Alexander Khinstein, Deputy Chairman of the Parliamentary Committee on Security, has proposed the bill as a set of amendments to the Russian criminal code, which would allow for the employment of prisoners at regional enterprises located far away from federal prisons. The bill would make it possible for any legal entity to employ prisoners. At the moment, Russian law allows for prisoners to work only within their penal colonies.

In order for the prisoners to remain incarcerated at the place of their employment, Khinstein calls for another amendment allowing the “formation of isolated zones which function as penal colony settlements outside the correctional facility, allowing for the labor adaptation of convicts.”

The heads of the Federal Penitentiary Service of Russia support the proposals, yet Federal Penitentiary Service deputy director Analoliy Rudyi says that the correctional facility and the construction site employing prisoners must be located within the same region of Russia. “We are not looking at the possibility of shuttling in prisoners from all over the country,” he said.

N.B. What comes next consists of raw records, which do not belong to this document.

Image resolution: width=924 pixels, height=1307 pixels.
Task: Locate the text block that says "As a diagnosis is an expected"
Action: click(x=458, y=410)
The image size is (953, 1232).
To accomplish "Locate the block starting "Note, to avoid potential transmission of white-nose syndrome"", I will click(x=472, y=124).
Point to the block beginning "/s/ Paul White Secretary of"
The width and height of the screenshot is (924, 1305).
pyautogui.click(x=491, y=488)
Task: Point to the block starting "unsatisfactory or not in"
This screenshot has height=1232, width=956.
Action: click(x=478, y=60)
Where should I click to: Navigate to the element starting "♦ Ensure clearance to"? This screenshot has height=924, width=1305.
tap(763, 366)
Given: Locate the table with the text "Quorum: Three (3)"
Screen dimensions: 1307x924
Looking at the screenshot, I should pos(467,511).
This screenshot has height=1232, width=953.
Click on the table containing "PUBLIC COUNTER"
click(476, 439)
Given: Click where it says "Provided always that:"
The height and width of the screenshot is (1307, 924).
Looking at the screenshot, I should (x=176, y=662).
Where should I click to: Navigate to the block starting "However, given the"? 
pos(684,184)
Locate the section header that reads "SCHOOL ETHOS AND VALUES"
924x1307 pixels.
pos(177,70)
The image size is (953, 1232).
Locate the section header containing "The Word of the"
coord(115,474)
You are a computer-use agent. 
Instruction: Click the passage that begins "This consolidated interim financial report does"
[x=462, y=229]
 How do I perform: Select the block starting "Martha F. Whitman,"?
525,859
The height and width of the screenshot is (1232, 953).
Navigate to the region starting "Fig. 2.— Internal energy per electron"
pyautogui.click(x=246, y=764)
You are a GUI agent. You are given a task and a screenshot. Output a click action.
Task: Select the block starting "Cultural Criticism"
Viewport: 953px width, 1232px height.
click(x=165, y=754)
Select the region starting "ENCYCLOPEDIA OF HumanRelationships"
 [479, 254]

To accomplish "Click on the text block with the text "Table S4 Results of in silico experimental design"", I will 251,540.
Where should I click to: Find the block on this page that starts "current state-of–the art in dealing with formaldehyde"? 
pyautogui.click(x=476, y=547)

The new norm applies to prisoners who are serving terms in penal colony settlements and to those who have been convicted to compulsory correctional labor. According to the Federal Penitentiary Service of Russia, there are 39,414 people incarcerated in 128 in penal colony settlements in 2015.

Kommersant

Prisons were a major source of labor in the Soviet Union from the 1930s to the 1950s. Prisoners participated in the construction of almost all large-scale industrial and transportation sites built in that period.

The newspaper Kommersant notes that prison labor is used by private and public enterprises in the USA, Germany, and France, among other countries.

In Russia, the daily revenue of prisoners in penal colony settlements does not exceed 218 rubles ($4.38), and thus the monthly earnings of prisoners are below minimum wage.